Friday, February 27, 2009

Team USA Profiles: Alison Crocker

Time for another profile! This time we get to present an athlete who has had great success at a high level in other sports before switching to orienteering just a couple of years ago and already starting to kick some butt. Here is Alison Crocker. Look out for her name at the top of some results lists in the next few years!


1) What's your name?
Alison (Ali) Crocker

2) What's your hometown?
Grew up in Poughkeepsie, NY. Currently in Oxford, UK, but going to move to Amherst, MA in October!


3) Marital status/ kids/ pets
My boyfriend returns from New Zealand tomorrow! For sure no kids though, and not really a pet person. Seem to be allergic to most of them. I like plants though- particularly those that produce yummy food.

4) What's your club?
OUOC - Oxford University Orienteering Club. This year I'm the President and Women's captain. We're organizing the British University championships in 1.5 weeks time, where we'll take on the orienteering powerhouses of Edinburgh and Sheffield Universities!

5) What's your birthday?
August 20, 1984

6) What do you do when not orienteering?
I am studying for my DPhil (=PhD) in astrophysics here in Oxford. I specialize in galaxy evolution, trying to explain why the galaxies we observe look the way they do. Mostly this involves looking at data on my computer, but every once in awhile I get to go somewhere cool and use a telescope (Japan, Holland, Spain x 2) to get more data. I also spend some time doing other sports- running, skiing, cycling.

7) How did you start orienteering?
I orienteered a handful of times while at boarding school in New Hampshire- one of the teachers there took a group of us to local meets, and I really loved it! But then I dislocated my shoulder while orienteering and my rowing coach said I wasn't allowed to do that again.
Six years later, I came to Oxford and met this guy on the running team (ok, my now-boyfriend!) who suggested I come along to a local orienteering event. I went and was completely confused for most of the way around, but had a blast (team members Boris and Kat were on this trip and probably remember). Then have been orienteering as much as possible since then!

8) What are your biggest orienteering successes so far?
I had great races as last years JK Festival of Orienteering here in the UK. I was 8th overall, combining the middle and long race, amid some really good competition. And I was really psyched last year to get my first World Cup point at the middle distance race at the O-ringen. It was a good race for me and squeaked into 40th place!

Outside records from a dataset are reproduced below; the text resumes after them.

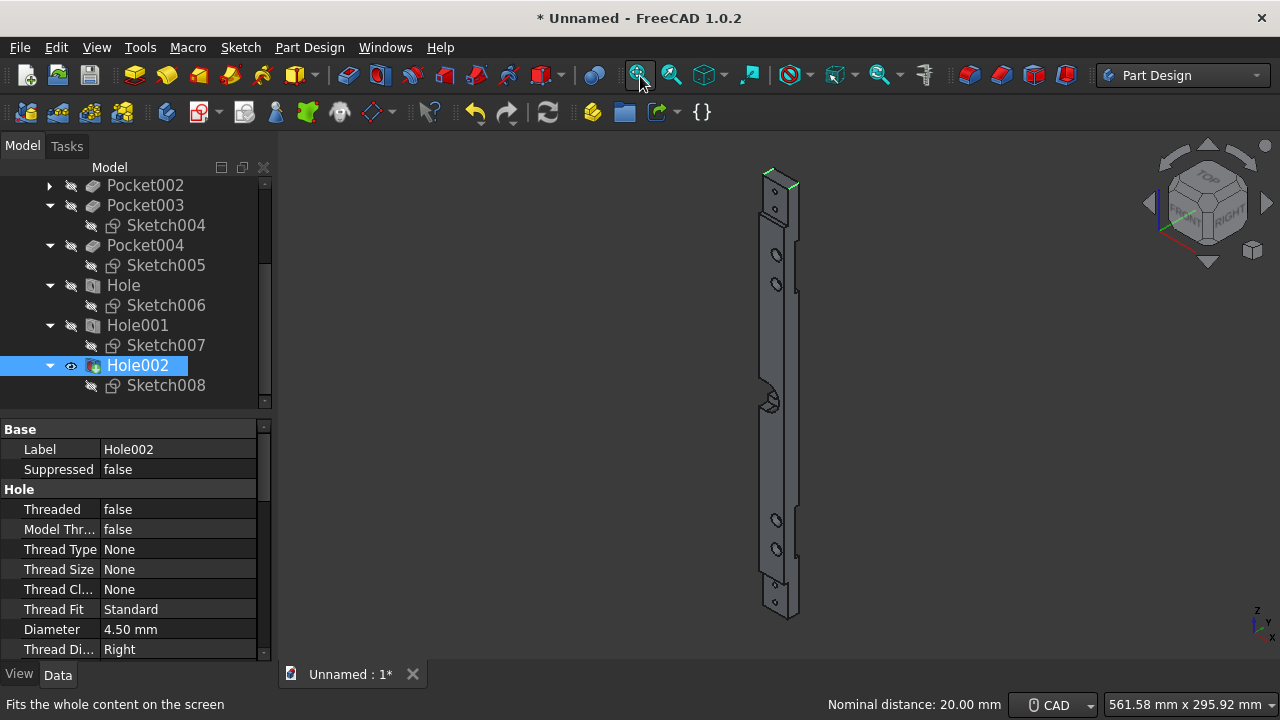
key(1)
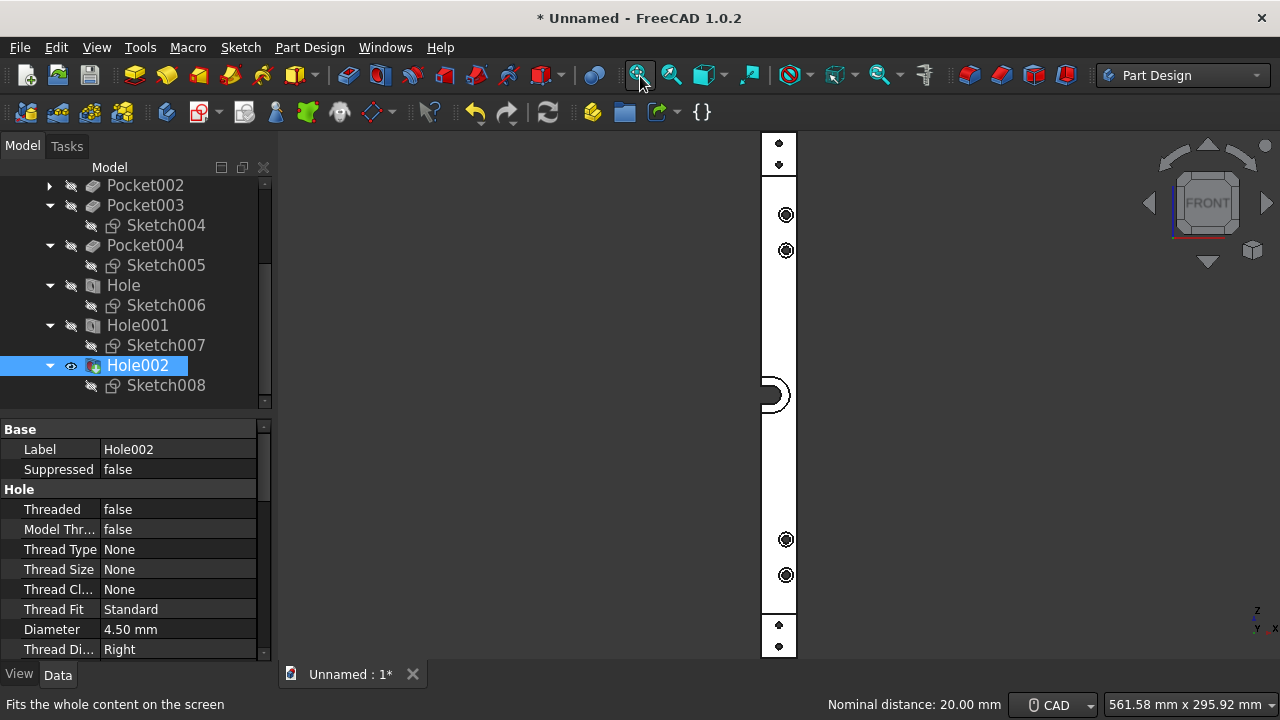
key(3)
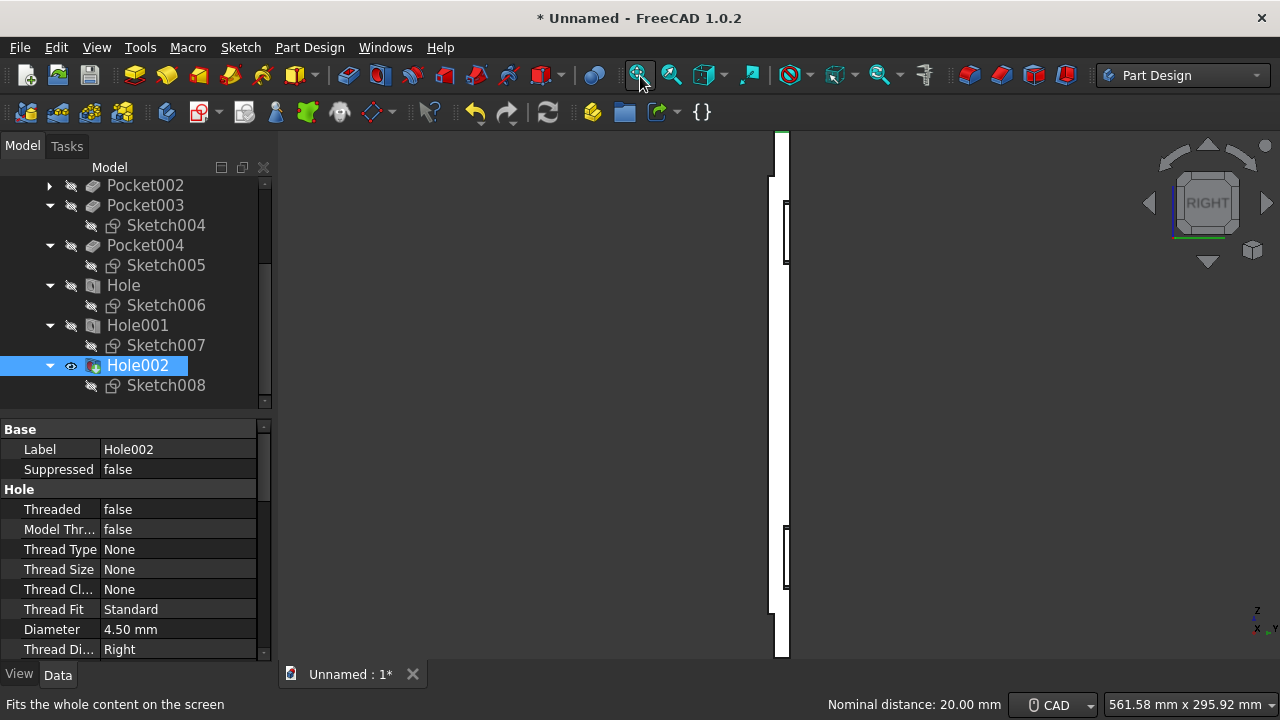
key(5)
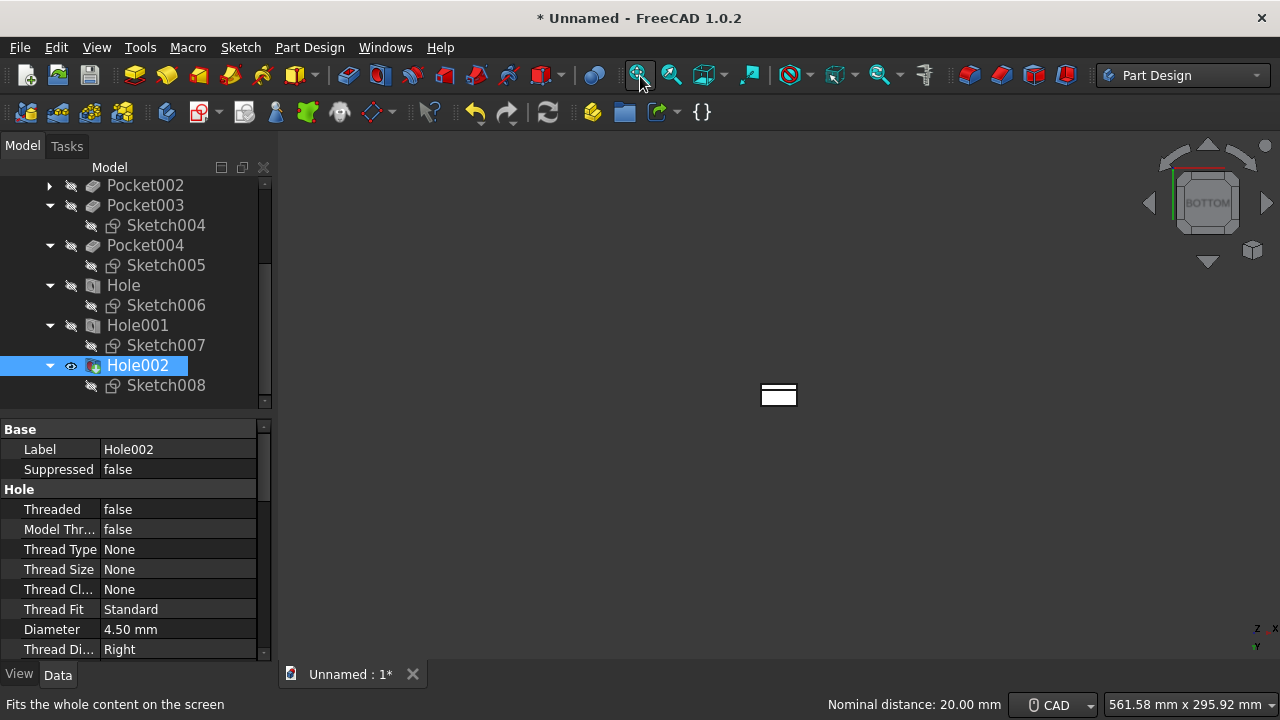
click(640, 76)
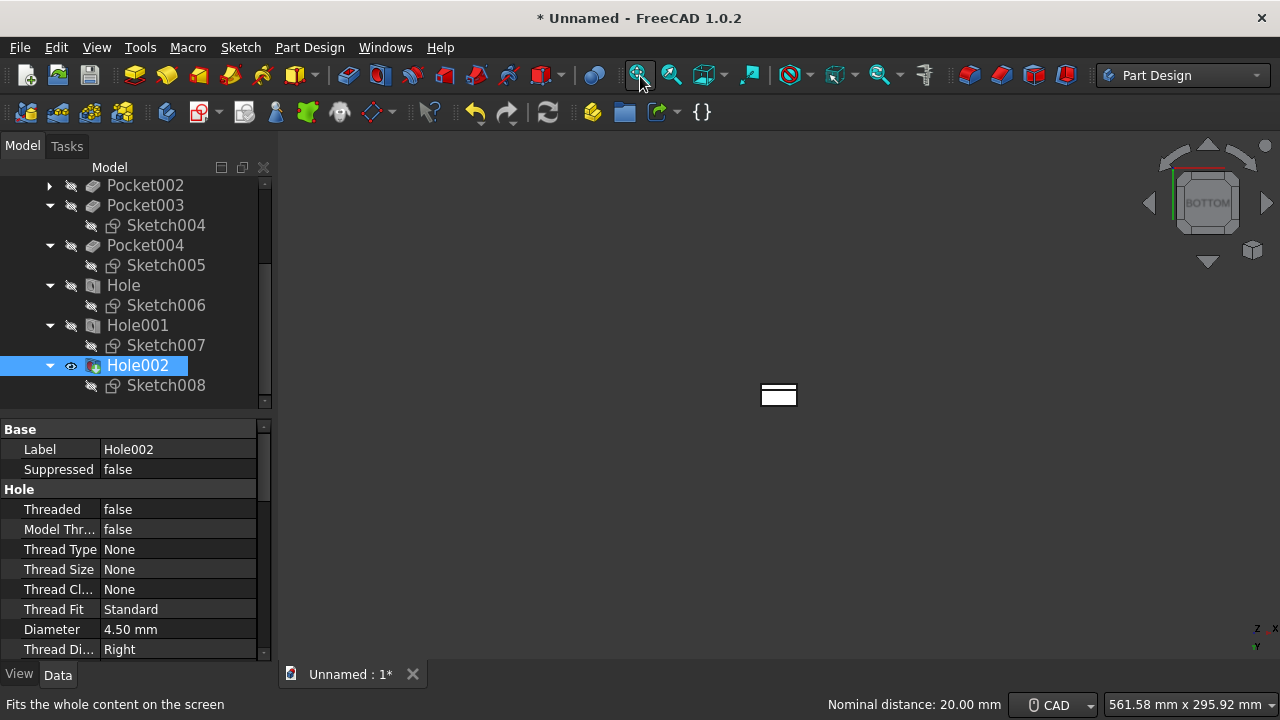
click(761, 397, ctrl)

9) What are your goals for 2009? What are your more long-term orienteering goals?
Major goal this year is to keep improving. I've been a bit hampered by injuries in the past few months, but I hope to have top 10 finishes at British Champs and hopefully get to go to some World Cups sometime over the summer and place a bit higher than last year!
Long-term, I'd like to be consistently competitive internationally. Will definitely try to make WOC teams in future years!


10) What is your most memorable orienteering experience so far?
Probably last year's TioMila or O-ringen. Such a blast having so many people around orienteering, a great atmosphere, great terrain!

11) What are your favorite orienteering disciplines?
Think I like them all! Great to have the variety. I probably get most excited for sprints and relays as they're least frequent. Although I'm not entirely sure I have middle-distance races figured out.

12) What would be your ideal training session?
A full day, with no pressure of thesis hanging over my head, somewhere with really technical and interesting terrain.
It would start with lots of technical little exercises, line courses and control picks, then a map memory exercise before lunch. Then lunch and some time to hang out, preferably, in the sun with an ice cream van nearby... In the afternoon, more racing-focused, trying to go fast in the terrain, maybe throwing in a peg-relay at the end because those are always fun!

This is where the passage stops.